The 1959 Syracuse Orangemen football team represented Syracuse University in Syracuse, New York, as an independent during the 1959 college football season. Led by eleventh-year head coach Ben Schwartzwalder, the independent Orangemen were undefeated and won the school's only national championship in football, topping the rankings by wide margins in the final polls in early December.

They met fourth-ranked Texas in the Cotton Bowl Classic in Dallas on New Year's Day. They led 15–0 at halftime and 23–6 after the three quarters. Texas scored midway through the fourth quarter to draw to 23–14, but there was no further scoring, and Syracuse gained its first bowl win.
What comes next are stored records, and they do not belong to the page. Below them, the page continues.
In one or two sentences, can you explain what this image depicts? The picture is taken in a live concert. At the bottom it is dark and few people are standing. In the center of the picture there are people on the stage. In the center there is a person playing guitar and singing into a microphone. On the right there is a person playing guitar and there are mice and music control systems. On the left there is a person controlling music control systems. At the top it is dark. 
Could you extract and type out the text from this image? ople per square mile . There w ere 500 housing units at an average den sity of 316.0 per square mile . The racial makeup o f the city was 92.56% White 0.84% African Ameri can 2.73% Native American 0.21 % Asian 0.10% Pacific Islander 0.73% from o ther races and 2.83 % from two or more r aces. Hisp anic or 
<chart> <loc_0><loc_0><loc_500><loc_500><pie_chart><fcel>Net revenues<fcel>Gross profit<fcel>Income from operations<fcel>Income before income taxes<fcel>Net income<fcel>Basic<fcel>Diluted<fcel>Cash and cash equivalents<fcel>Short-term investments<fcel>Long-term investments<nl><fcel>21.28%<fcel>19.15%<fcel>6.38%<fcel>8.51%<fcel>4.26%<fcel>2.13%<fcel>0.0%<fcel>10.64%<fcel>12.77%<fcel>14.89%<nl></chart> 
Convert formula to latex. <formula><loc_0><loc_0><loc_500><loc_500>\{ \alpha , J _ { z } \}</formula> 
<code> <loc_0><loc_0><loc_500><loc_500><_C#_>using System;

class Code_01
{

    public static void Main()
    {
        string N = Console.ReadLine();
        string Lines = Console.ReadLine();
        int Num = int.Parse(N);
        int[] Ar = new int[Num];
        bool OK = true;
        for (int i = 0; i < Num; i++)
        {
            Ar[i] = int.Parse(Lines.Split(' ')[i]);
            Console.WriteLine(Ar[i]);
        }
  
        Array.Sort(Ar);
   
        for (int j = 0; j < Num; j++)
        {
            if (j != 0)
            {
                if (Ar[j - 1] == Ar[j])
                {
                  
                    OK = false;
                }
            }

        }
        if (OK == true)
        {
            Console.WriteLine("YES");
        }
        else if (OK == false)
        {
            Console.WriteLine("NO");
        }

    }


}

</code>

Unranked at the start of the season, Syracuse finished with an 11–0 record with five shutouts, and outscored its opponents 413–73.

Notable players included sophomore running back Ernie Davis, winner of the Heisman Trophy in 1961 and the first selection of the 1962 NFL draft. In the Cotton Bowl Classic, he scored the first two touchdowns and threw a pass to Gerhard Schwedes for the third. Davis was helped by an offensive line that included unanimous first team All-American guard Roger Davis.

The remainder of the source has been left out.